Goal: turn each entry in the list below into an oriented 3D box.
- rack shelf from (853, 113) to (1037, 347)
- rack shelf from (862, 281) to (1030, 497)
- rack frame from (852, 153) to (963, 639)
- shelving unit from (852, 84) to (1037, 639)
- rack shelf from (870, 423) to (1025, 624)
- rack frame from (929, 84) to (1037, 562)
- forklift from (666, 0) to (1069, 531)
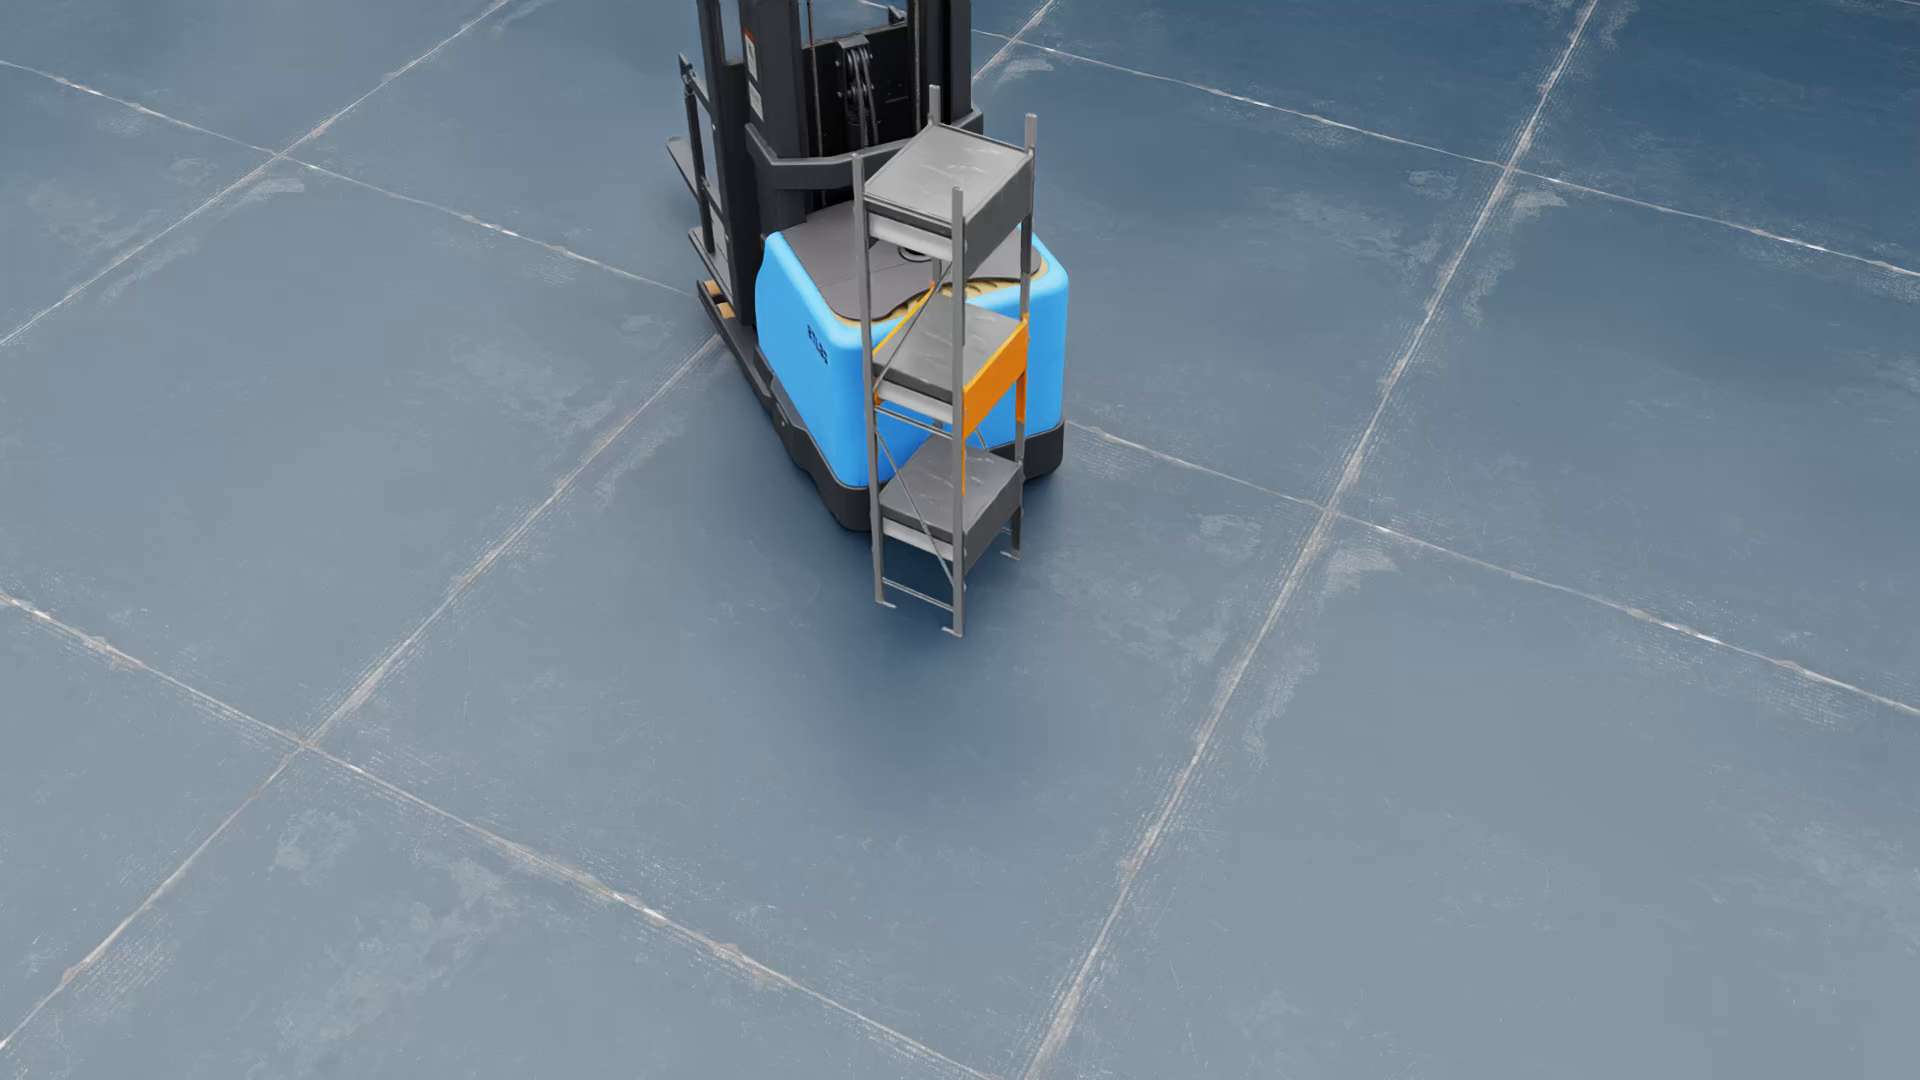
[{"bbox_3d":[-0.046,-1.052,5.628,0.431,0.518,0.480,22,49,20],"label":"rack shelf"},{"bbox_3d":[-0.046,-0.560,6.126,0.431,0.518,0.480,22,49,20],"label":"rack shelf"},{"bbox_3d":[-0.167,-0.418,5.967,0.400,2.100,0.015,22,49,20],"label":"rack frame"},{"bbox_3d":[-0.046,-0.569,6.116,0.431,2.100,0.503,22,49,20],"label":"shelving unit"},{"bbox_3d":[-0.046,-0.068,6.624,0.431,0.518,0.480,22,49,20],"label":"rack shelf"},{"bbox_3d":[0.074,-0.720,6.266,0.400,2.100,0.015,22,49,20],"label":"rack frame"},{"bbox_3d":[-0.625,-2.128,7.072,1.130,2.935,3.031,-18,48,-17],"label":"forklift"}]
================================
→ **What is needed**:
Nothing beyond the lines from the start of the entries through the line with "- rack frame from (929, 84) to (1037, 562)" should appear. Repeat those lines exactly, both ends included.

→ **Solution**:
Goal: turn each entry in the list below into an oriented 3D box.
- rack shelf from (853, 113) to (1037, 347)
- rack shelf from (862, 281) to (1030, 497)
- rack frame from (852, 153) to (963, 639)
- shelving unit from (852, 84) to (1037, 639)
- rack shelf from (870, 423) to (1025, 624)
- rack frame from (929, 84) to (1037, 562)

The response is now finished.